Retrospective on a decade of machine learning for chemical discovery

Over the last decade, we have witnessed the emergence of ever more machine learning applications in all aspects of the chemical sciences. Here, we highlight specific achievements of machine learning models in the field of computational chemistry by considering selected studies of electronic structure, interatomic potentials, and chemical compound space in chronological order.

Accurate solutions of the Schrödinger equation for the electrons in molecules and materials would vastly enhance our capability for chemical discovery, but computational cost makes this prohibitive. Since Dirac first exhorted us to find suitable approximations to bypass this cost1, much progress has been made, but much remains out of reach for the foreseeable future. The central promise of machine learning (ML) is that, by exploiting statistical learning of the properties of a few cases, we might leap-frog over the worst bottlenecks in this process.

As visible from the publication record in the field (Fig. 1), over the decade since Nature Communications first appeared, machine learning has gained increasing traction in the hard sciences2, and has found many applications in atomistic simulation sciences3. Here, we focus on the progress achieved in the last decade on three interrelated topics (i) electronic structure theory, broadly defined, (ii) universal force field models, as used for vibrational analysis or molecular dynamics applications, and (iii) first principles-based approaches enabling the exploration of chemical compound space.

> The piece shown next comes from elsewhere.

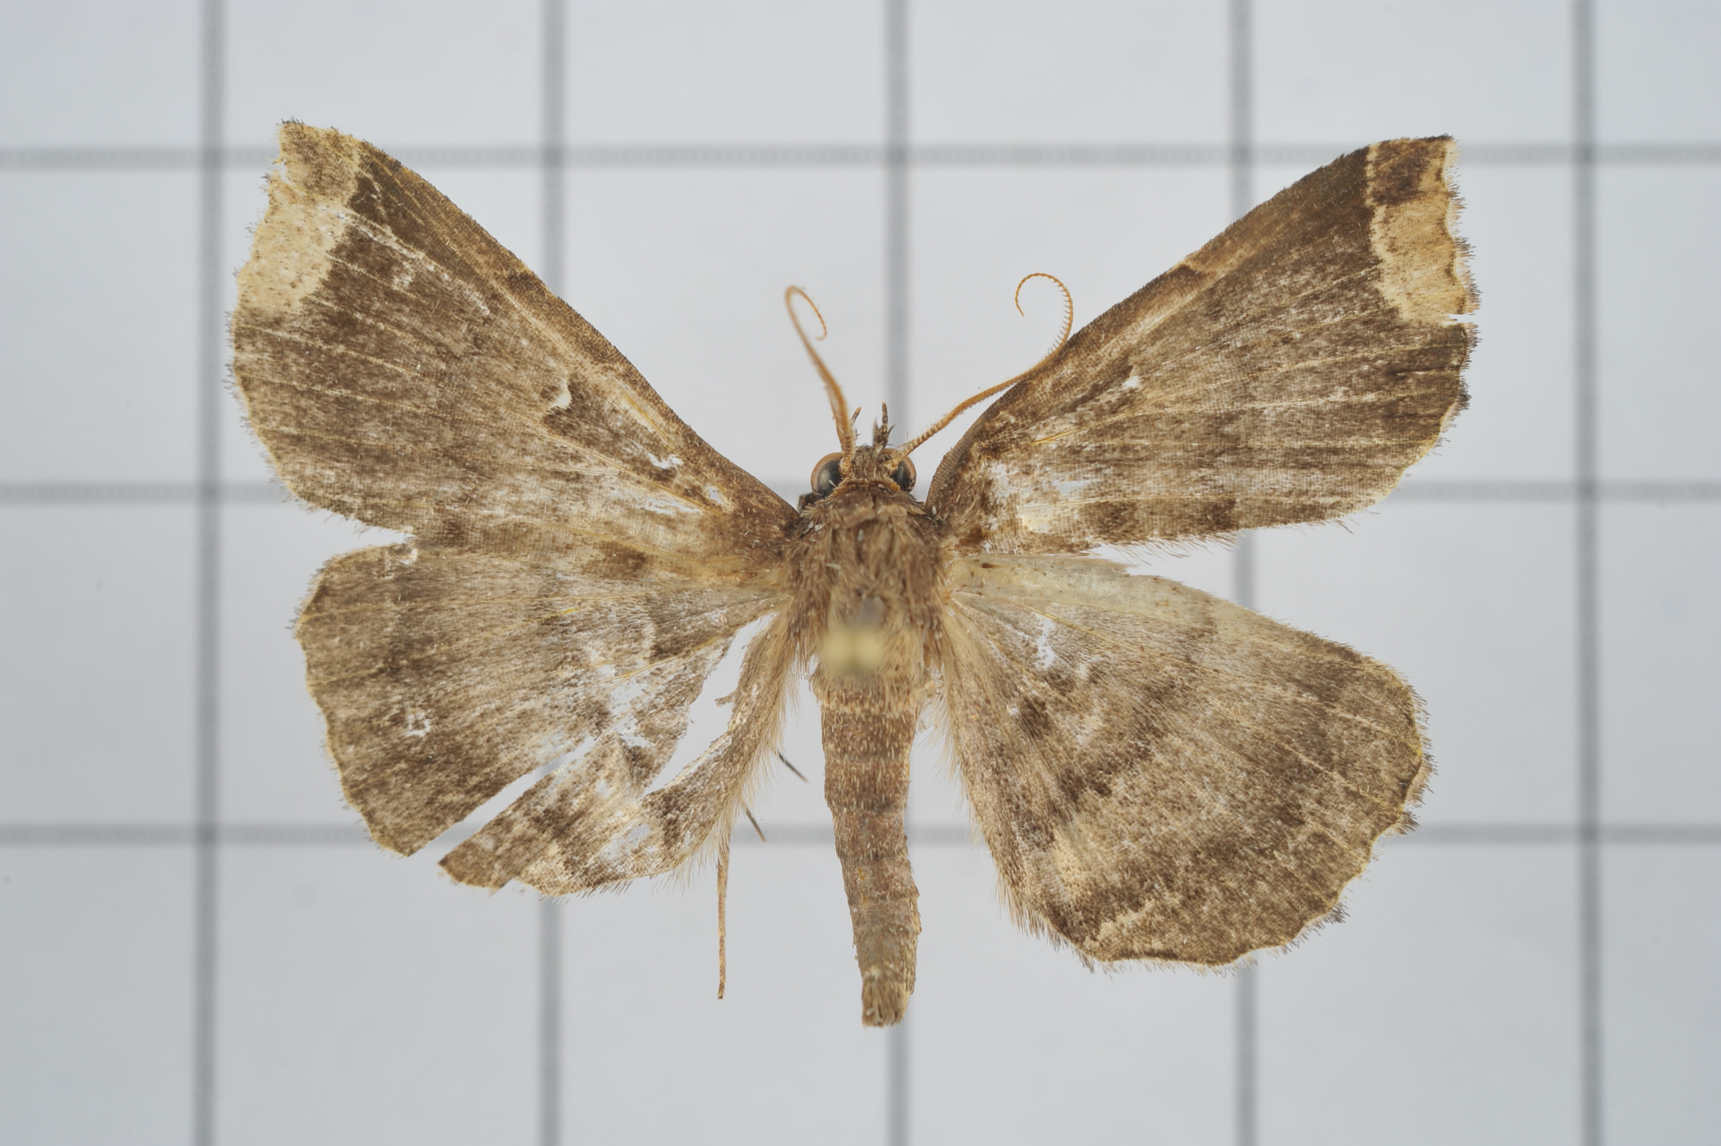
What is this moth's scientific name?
Adrapsa quadrilinealis
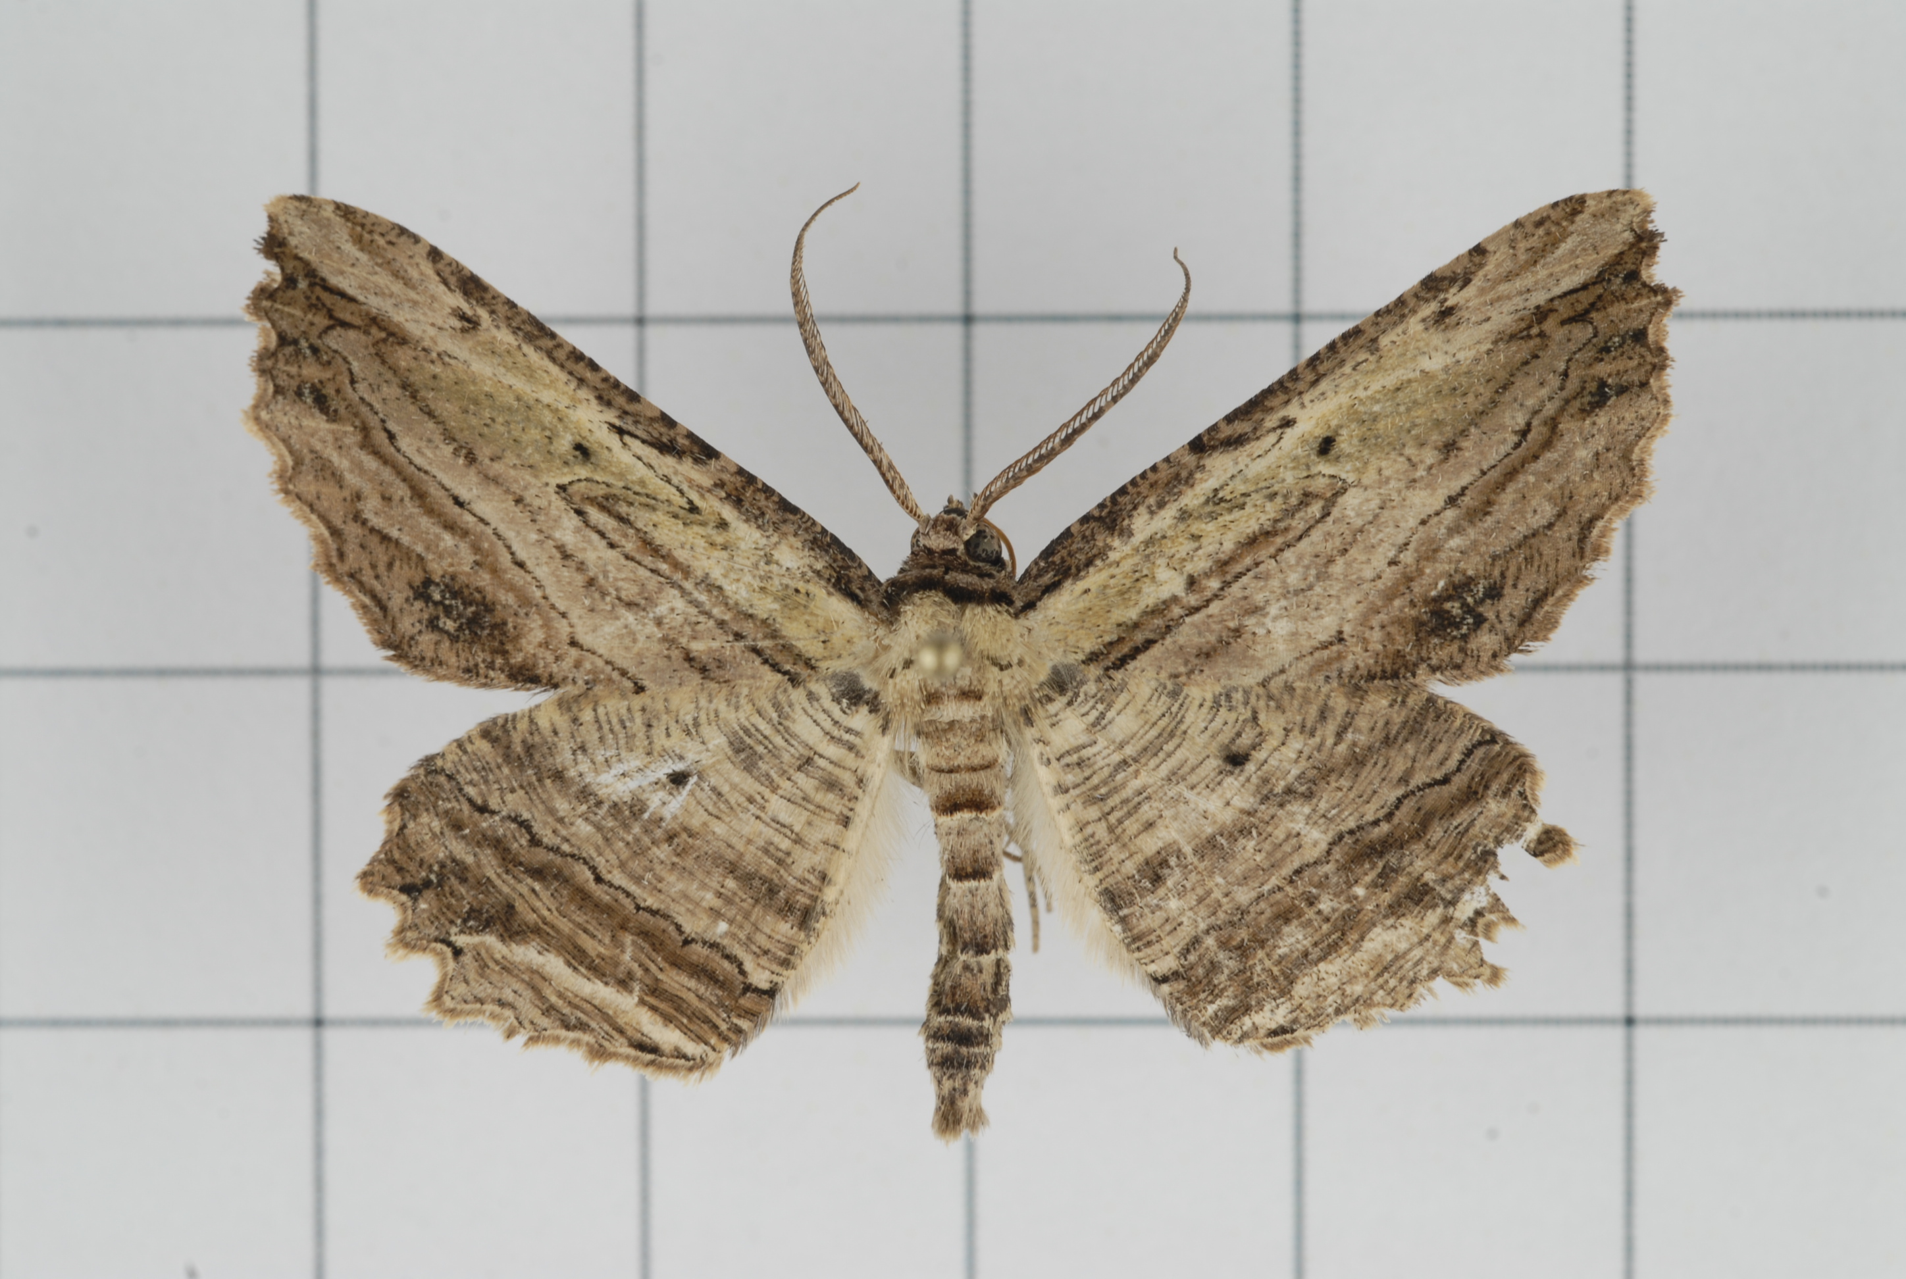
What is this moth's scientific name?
Menophra parahumeraria

Fig. 1: Publications each year from a web of science search with topics of machine learning and either chemistry or materials, July 20, 2020.
figure1

The average number of citations per article is 12. This updates Fig. 1 of ref. 30.

Basic challenges

The central challenge of Schrödinger space is to use supervised learning from examples to find patterns that either accelerate or improve upon the existing human algorithms behind these technologies. In density functional theory (KS-DFT), this most often means improved approximate functionals; in quantum Monte Carlo (QMC), this is faster ways to find variational wavefunctions; in ab initio quantum chemistry such as coupled cluster considering single, double, and perturbative triple excitations (CCSD(T)), this is learned predictions of wavefunction amplitudes instead of recalculation for every system.

In the condensed phase, molecular dynamics simulations yield a vast amount of useful thermodynamic and kinetic properties. Classical force fields cost little to run, but are often accurate only around the equilibrium. The only first-principles alternative is Kohn–Sham density functional theory (DFT), but its computational cost vastly reduces what is practical. A central challenge of configuration space is therefore to produce energies and forces from a classical potential of accuracies comparable to DFT (at least) via training on DFT-calculated samples, possibly for just one element, but with hundreds to thousands of atoms in unique bonding (and bond-breaking) arrangements.

Finally, the challenge of chemical compound space is to explore all useful combinations of distinct atoms. The number of stable combinations is often astronomical. The central aim is to train on quantum-chemical examples, and create a ML algorithm that can, given a configuration of atoms, generate the atomization energy without running, e.g., a DFT calculation, in order to scan the vast unknown of unsynthesized molecules for desirable functionalities.

These challenges are hierarchical. Progress in creating better density functionals clearly impacts finding accurate forces for molecular dynamics and accurate searching of chemical compound space. Finding a way to learn molecular energies with fewer examples is useful for chemical compound space, but forces would also be needed to run molecular dynamics, and self-consistent densities to run orbital-free DFT. The challenges are also overlapping: improved density functionals may be irrelevant if ML force fields can be trained on CCSD(T) energies and forces.

Progress with machine learning

Schrödinger space

Within DFT, the focus is usually on the ever-elusive exchange-correlation (XC) energy4, which is needed as a functional of the spin densities. An ‘easier’ target is orbital-free (OF) DFT, which tries to find the kinetic energy of Kohn–Sham electrons, to bypass the need to solve the Kohn-Sham equations. A primary question is: can machines find better density functional approximations than those created by people? Two distinct approaches are to improve the accuracy of existing human-designed approximations or to create entirely new machine-learned approximations that overcome qualitative failures of our present approximations. Often tests are first performed on model systems, and later applied to more realistic first-principles Hamiltonians.

In orbital-free DFT, Snyder et al.5 used Kernel-Ridge-Regression (KRR) on a one-dimensional model of a molecule an machine-learned functional for OF DFT that breaks bonds correctly, which has been successively built upon6. Brockherde et al.7 showed how KRR could be applied by finding densities directly from potentials (the Hohenberg-Kohn map) avoiding functional derivatives. The problem of XC is harder. Nagai et al.8 showed that accurate densities of just three small molecules are sufficient to create machine-learned approximations that are comparable to those created by people. In ab initio quantum chemistry, Welborn et al.9 have shown how to use features from Hartree-Fock calculations to accurately predict CCSD energies, while an intriguing alternative is to map to spin problems and use a restricted Boltzmann machine10. In the last year, two new applications for finding wavefunctions within QMC have appeared11,12.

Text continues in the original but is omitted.